Records from a data source
# # # # #

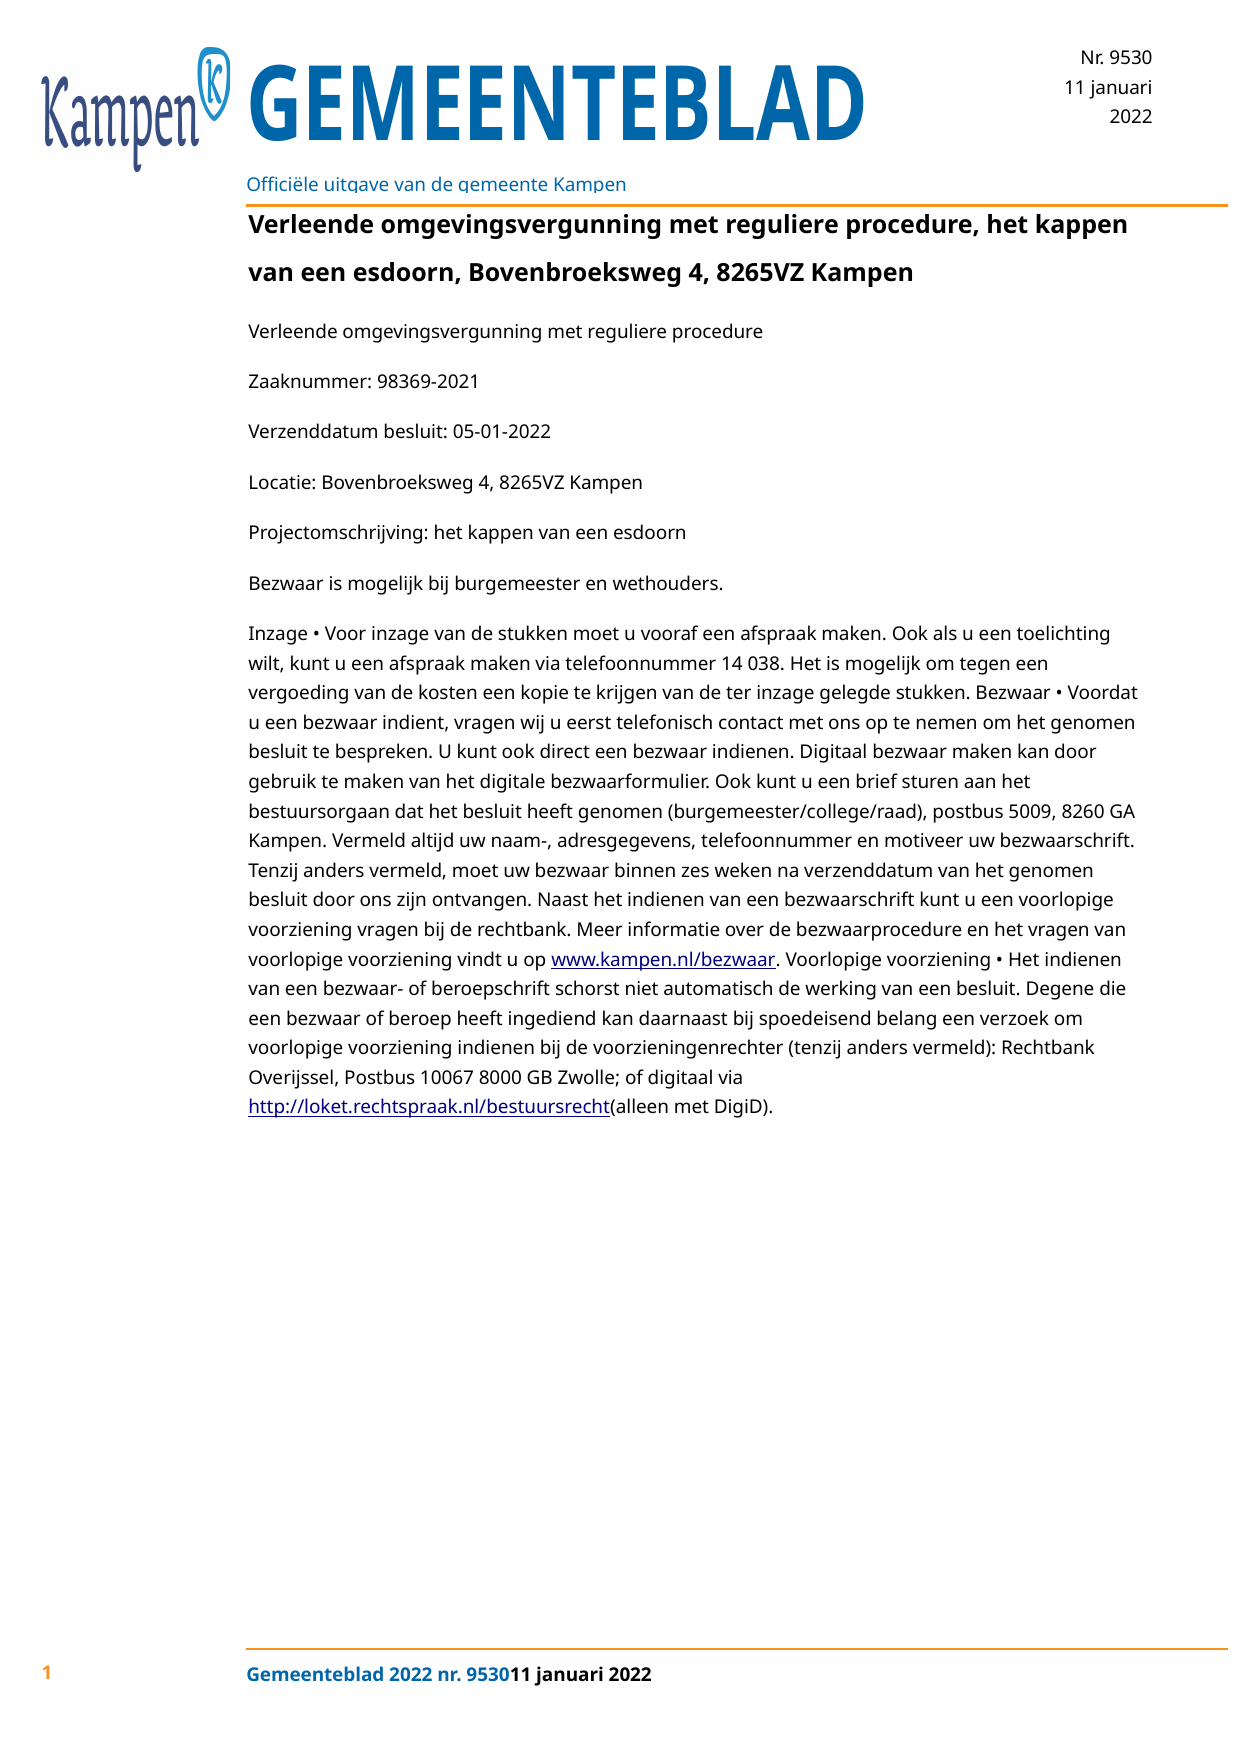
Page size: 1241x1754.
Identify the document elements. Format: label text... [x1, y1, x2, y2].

text Bezwaar is mogelijk bij burgemeester en wethouders. [248, 570, 1152, 596]
picture [41, 47, 231, 172]
text Verzenddatum besluit: 05-01-2022 [248, 419, 1152, 444]
text Inzage • Voor inzage van de stukken moet u vooraf een afspraak maken. Ook als u een toelichting wilt, kunt u een afspraak maken via telefoonnummer 14 038. Het is mogelijk om tegen een vergoeding van de kosten een kopie te krijgen van de ter inzage gelegde stukken. Bezwaar • Voordat u een bezwaar indient, vragen wij u eerst telefonisch contact met ons op te nemen om het genomen besluit te bespreken. U kunt ook direct een bezwaar indienen. Digitaal bezwaar maken kan door gebruik te maken van het digitale bezwaarformulier. Ook kunt u een brief sturen aan het bestuursorgaan dat het besluit heeft genomen (burgemeester/college/raad), postbus 5009, 8260 GA Kampen. Vermeld altijd uw naam-, adresgegevens, telefoonnummer en motiveer uw bezwaarschrift. Tenzij anders vermeld, moet uw bezwaar binnen zes weken na verzenddatum van het genomen besluit door ons zijn ontvangen. Naast het indienen van een bezwaarschrift kunt u een voorlopige voorziening vragen bij de rechtbank. Meer informatie over de bezwaarprocedure en het vragen van voorlopige voorziening vindt u op www.kampen.nl/bezwaar. Voorlopige voorziening • Het indienen van een bezwaar- of beroepschrift schorst niet automatisch de werking van een besluit. Degene die een bezwaar of beroep heeft ingediend kan daarnaast bij spoedeisend belang een verzoek om voorlopige voorziening indienen bij de voorzieningenrechter (tenzij anders vermeld): Rechtbank Overijssel, Postbus 10067 8000 GB Zwolle; of digitaal via http://loket.rechtspraak.nl/bestuursrecht(alleen met DigiD). [248, 620, 1152, 1119]
text Projectomschrijving: het kappen van een esdoorn [248, 519, 1152, 545]
text Verleende omgevingsvergunning met reguliere procedure, het kappen van een esdoorn, Bovenbroeksweg 4, 8265VZ Kampen [248, 207, 1152, 288]
text Verleende omgevingsvergunning met reguliere procedure [248, 318, 1152, 344]
text Zaaknummer: 98369-2021 [248, 368, 1152, 394]
text Locatie: Bovenbroeksweg 4, 8265VZ Kampen [248, 469, 1152, 495]
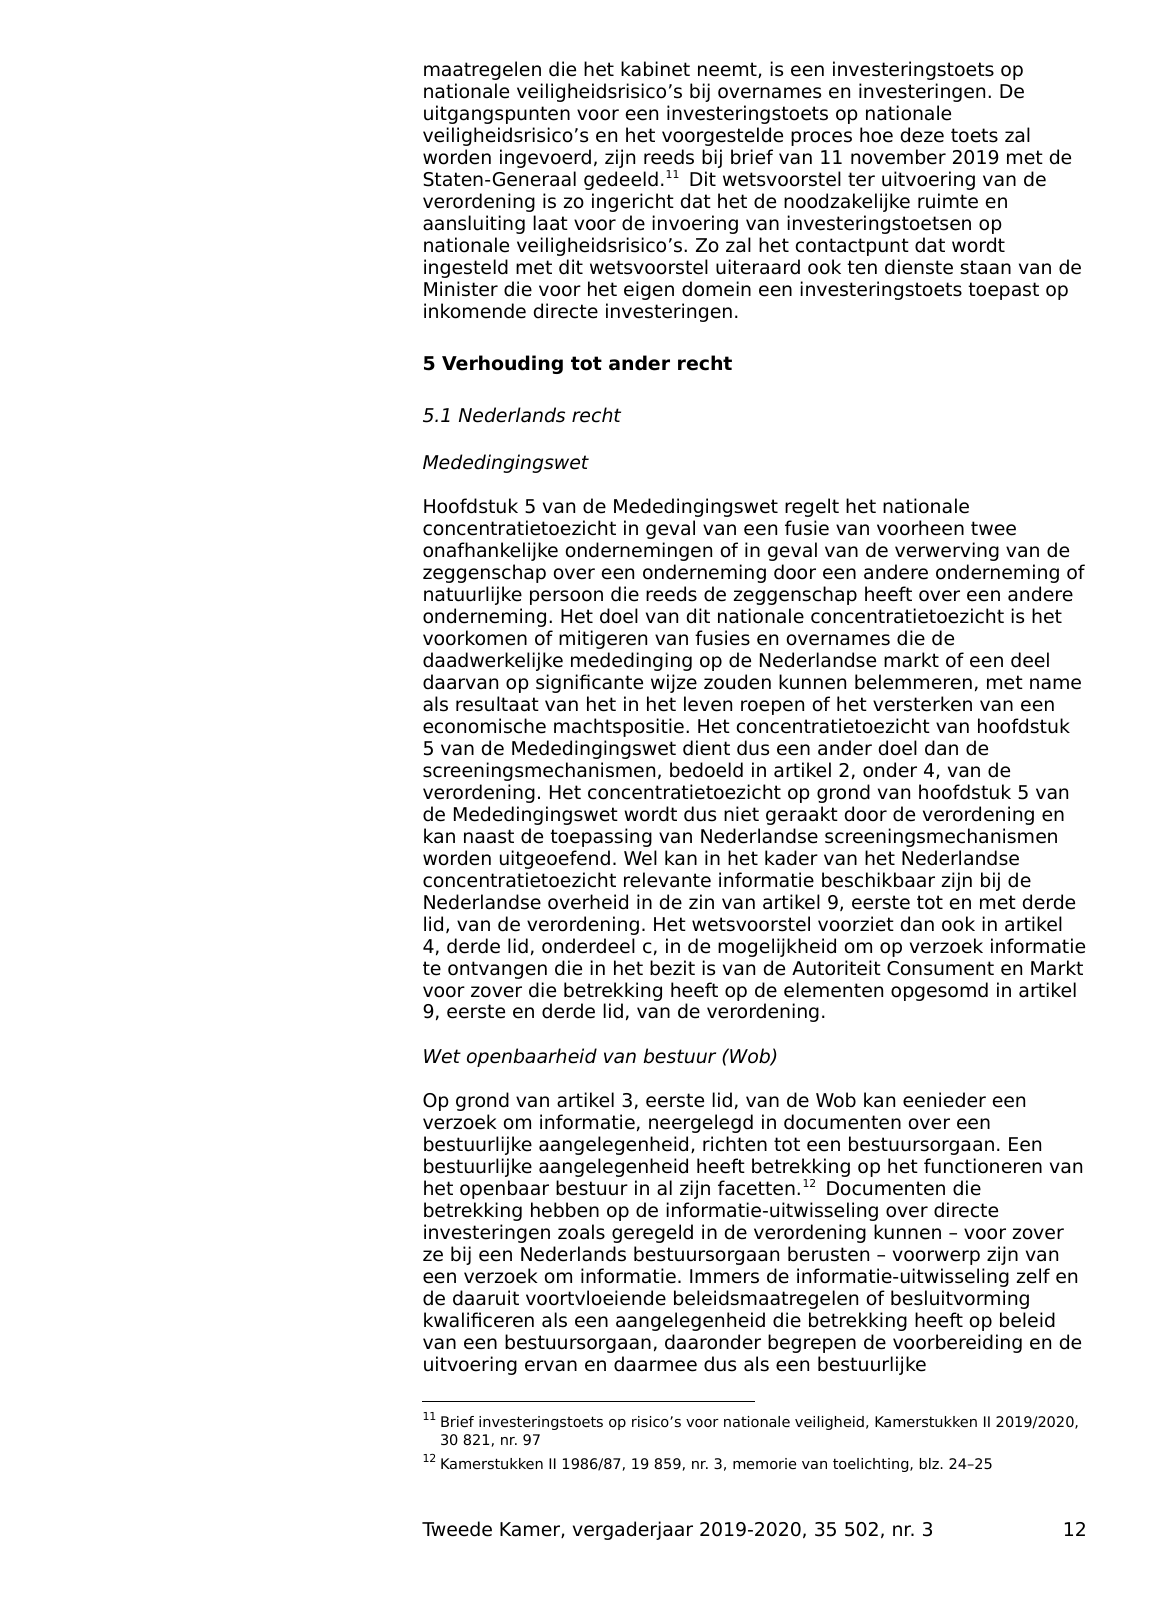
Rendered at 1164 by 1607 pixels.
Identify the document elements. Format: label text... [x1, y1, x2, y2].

subtitle Mededingingswet [422, 452, 1087, 474]
subtitle 5 Verhouding tot ander recht [422, 353, 1087, 375]
subtitle 5.1 Nederlands recht [422, 405, 1087, 427]
text Brief investeringstoets op risico’s voor nationale veiligheid, Kamerstukken II 2019/2020, 30 821, nr. 97 [422, 1410, 1087, 1449]
text Hoofdstuk 5 van de Mededingingswet regelt het nationale concentratietoezicht in geval van een fusie van voorheen twee onafhankelijke ondernemingen of in geval van de verwerving van de zeggenschap over een onderneming door een andere onderneming of natuurlijke persoon die reeds de zeggenschap heeft over een andere onderneming. Het doel van dit nationale concentratietoezicht is het voorkomen of mitigeren van fusies en overnames die de daadwerkelijke mededinging op de Nederlandse markt of een deel daarvan op significante wijze zouden kunnen belemmeren, met name als resultaat van het in het leven roepen of het versterken van een economische machtspositie. Het concentratietoezicht van hoofdstuk 5 van de Mededingingswet dient dus een ander doel dan de screeningsmechanismen, bedoeld in artikel 2, onder 4, van de verordening. Het concentratietoezicht op grond van hoofdstuk 5 van de Mededingingswet wordt dus niet geraakt door de verordening en kan naast de toepassing van Nederlandse screeningsmechanismen worden uitgeoefend. Wel kan in het kader van het Nederlandse concentratietoezicht relevante informatie beschikbaar zijn bij de Nederlandse overheid in de zin van artikel 9, eerste tot en met derde lid, van de verordening. Het wetsvoorstel voorziet dan ook in artikel 4, derde lid, onderdeel c, in de mogelijkheid om op verzoek informatie te ontvangen die in het bezit is van de Autoriteit Consument en Markt voor zover die betrekking heeft op de elementen opgesomd in artikel 9, eerste en derde lid, van de verordening. [422, 496, 1087, 1023]
subtitle Wet openbaarheid van bestuur (Wob) [422, 1046, 1087, 1068]
text Op grond van artikel 3, eerste lid, van de Wob kan eenieder een verzoek om informatie, neergelegd in documenten over een bestuurlijke aangelegenheid, richten tot een bestuursorgaan. Een bestuurlijke aangelegenheid heeft betrekking op het functioneren van het openbaar bestuur in al zijn facetten. Documenten die betrekking hebben op de informatie-uitwisseling over directe investeringen zoals geregeld in de verordening kunnen – voor zover ze bij een Nederlands bestuursorgaan berusten – voorwerp zijn van een verzoek om informatie. Immers de informatie-uitwisseling zelf en de daaruit voortvloeiende beleidsmaatregelen of besluitvorming kwalificeren als een aangelegenheid die betrekking heeft op beleid van een bestuursorgaan, daaronder begrepen de voorbereiding en de uitvoering ervan en daarmee dus als een bestuurlijke [422, 1090, 1087, 1376]
text Kamerstukken II 1986/87, 19 859, nr. 3, memorie van toelichting, blz. 24–25 [422, 1452, 1087, 1474]
text maatregelen die het kabinet neemt, is een investeringstoets op nationale veiligheidsrisico’s bij overnames en investeringen. De uitgangspunten voor een investeringstoets op nationale veiligheidsrisico’s en het voorgestelde proces hoe deze toets zal worden ingevoerd, zijn reeds bij brief van 11 november 2019 met de Staten-Generaal gedeeld. Dit wetsvoorstel ter uitvoering van de verordening is zo ingericht dat het de noodzakelijke ruimte en aansluiting laat voor de invoering van investeringstoetsen op nationale veiligheidsrisico’s. Zo zal het contactpunt dat wordt ingesteld met dit wetsvoorstel uiteraard ook ten dienste staan van de Minister die voor het eigen domein een investeringstoets toepast op inkomende directe investeringen. [422, 59, 1087, 323]

# # # # #

• [WHAT YOU ARE ASKED TO DO] Above are the records; return them exactly, minus the pictures.

• [WRITTEN SOLUTION]
Page size: 1241x1754.
Identify the document elements. Format: label text... [x1, y1, x2, y2].

text Bezwaar is mogelijk bij burgemeester en wethouders. [248, 570, 1152, 596]
picture [41, 47, 231, 172]
text Verzenddatum besluit: 05-01-2022 [248, 419, 1152, 444]
text Inzage • Voor inzage van de stukken moet u vooraf een afspraak maken. Ook als u een toelichting wilt, kunt u een afspraak maken via telefoonnummer 14 038. Het is mogelijk om tegen een vergoeding van de kosten een kopie te krijgen van de ter inzage gelegde stukken. Bezwaar • Voordat u een bezwaar indient, vragen wij u eerst telefonisch contact met ons op te nemen om het genomen besluit te bespreken. U kunt ook direct een bezwaar indienen. Digitaal bezwaar maken kan door gebruik te maken van het digitale bezwaarformulier. Ook kunt u een brief sturen aan het bestuursorgaan dat het besluit heeft genomen (burgemeester/college/raad), postbus 5009, 8260 GA Kampen. Vermeld altijd uw naam-, adresgegevens, telefoonnummer en motiveer uw bezwaarschrift. Tenzij anders vermeld, moet uw bezwaar binnen zes weken na verzenddatum van het genomen besluit door ons zijn ontvangen. Naast het indienen van een bezwaarschrift kunt u een voorlopige voorziening vragen bij de rechtbank. Meer informatie over de bezwaarprocedure en het vragen van voorlopige voorziening vindt u op www.kampen.nl/bezwaar. Voorlopige voorziening • Het indienen van een bezwaar- of beroepschrift schorst niet automatisch de werking van een besluit. Degene die een bezwaar of beroep heeft ingediend kan daarnaast bij spoedeisend belang een verzoek om voorlopige voorziening indienen bij de voorzieningenrechter (tenzij anders vermeld): Rechtbank Overijssel, Postbus 10067 8000 GB Zwolle; of digitaal via http://loket.rechtspraak.nl/bestuursrecht(alleen met DigiD). [248, 620, 1152, 1119]
text Projectomschrijving: het kappen van een esdoorn [248, 519, 1152, 545]
text Verleende omgevingsvergunning met reguliere procedure, het kappen van een esdoorn, Bovenbroeksweg 4, 8265VZ Kampen [248, 207, 1152, 288]
text Verleende omgevingsvergunning met reguliere procedure [248, 318, 1152, 344]
text Zaaknummer: 98369-2021 [248, 368, 1152, 394]
text Locatie: Bovenbroeksweg 4, 8265VZ Kampen [248, 469, 1152, 495]
Rendered at 1164 by 1607 pixels.
Identify the document elements. Format: label text... [x1, y1, x2, y2].

subtitle Mededingingswet [422, 452, 1087, 474]
subtitle 5 Verhouding tot ander recht [422, 353, 1087, 375]
subtitle 5.1 Nederlands recht [422, 405, 1087, 427]
text Brief investeringstoets op risico’s voor nationale veiligheid, Kamerstukken II 2019/2020, 30 821, nr. 97 [422, 1410, 1087, 1449]
text Hoofdstuk 5 van de Mededingingswet regelt het nationale concentratietoezicht in geval van een fusie van voorheen twee onafhankelijke ondernemingen of in geval van de verwerving van de zeggenschap over een onderneming door een andere onderneming of natuurlijke persoon die reeds de zeggenschap heeft over een andere onderneming. Het doel van dit nationale concentratietoezicht is het voorkomen of mitigeren van fusies en overnames die de daadwerkelijke mededinging op de Nederlandse markt of een deel daarvan op significante wijze zouden kunnen belemmeren, met name als resultaat van het in het leven roepen of het versterken van een economische machtspositie. Het concentratietoezicht van hoofdstuk 5 van de Mededingingswet dient dus een ander doel dan de screeningsmechanismen, bedoeld in artikel 2, onder 4, van de verordening. Het concentratietoezicht op grond van hoofdstuk 5 van de Mededingingswet wordt dus niet geraakt door de verordening en kan naast de toepassing van Nederlandse screeningsmechanismen worden uitgeoefend. Wel kan in het kader van het Nederlandse concentratietoezicht relevante informatie beschikbaar zijn bij de Nederlandse overheid in de zin van artikel 9, eerste tot en met derde lid, van de verordening. Het wetsvoorstel voorziet dan ook in artikel 4, derde lid, onderdeel c, in de mogelijkheid om op verzoek informatie te ontvangen die in het bezit is van de Autoriteit Consument en Markt voor zover die betrekking heeft op de elementen opgesomd in artikel 9, eerste en derde lid, van de verordening. [422, 496, 1087, 1023]
subtitle Wet openbaarheid van bestuur (Wob) [422, 1046, 1087, 1068]
text Op grond van artikel 3, eerste lid, van de Wob kan eenieder een verzoek om informatie, neergelegd in documenten over een bestuurlijke aangelegenheid, richten tot een bestuursorgaan. Een bestuurlijke aangelegenheid heeft betrekking op het functioneren van het openbaar bestuur in al zijn facetten. Documenten die betrekking hebben op de informatie-uitwisseling over directe investeringen zoals geregeld in de verordening kunnen – voor zover ze bij een Nederlands bestuursorgaan berusten – voorwerp zijn van een verzoek om informatie. Immers de informatie-uitwisseling zelf en de daaruit voortvloeiende beleidsmaatregelen of besluitvorming kwalificeren als een aangelegenheid die betrekking heeft op beleid van een bestuursorgaan, daaronder begrepen de voorbereiding en de uitvoering ervan en daarmee dus als een bestuurlijke [422, 1090, 1087, 1376]
text Kamerstukken II 1986/87, 19 859, nr. 3, memorie van toelichting, blz. 24–25 [422, 1452, 1087, 1474]
text maatregelen die het kabinet neemt, is een investeringstoets op nationale veiligheidsrisico’s bij overnames en investeringen. De uitgangspunten voor een investeringstoets op nationale veiligheidsrisico’s en het voorgestelde proces hoe deze toets zal worden ingevoerd, zijn reeds bij brief van 11 november 2019 met de Staten-Generaal gedeeld. Dit wetsvoorstel ter uitvoering van de verordening is zo ingericht dat het de noodzakelijke ruimte en aansluiting laat voor de invoering van investeringstoetsen op nationale veiligheidsrisico’s. Zo zal het contactpunt dat wordt ingesteld met dit wetsvoorstel uiteraard ook ten dienste staan van de Minister die voor het eigen domein een investeringstoets toepast op inkomende directe investeringen. [422, 59, 1087, 323]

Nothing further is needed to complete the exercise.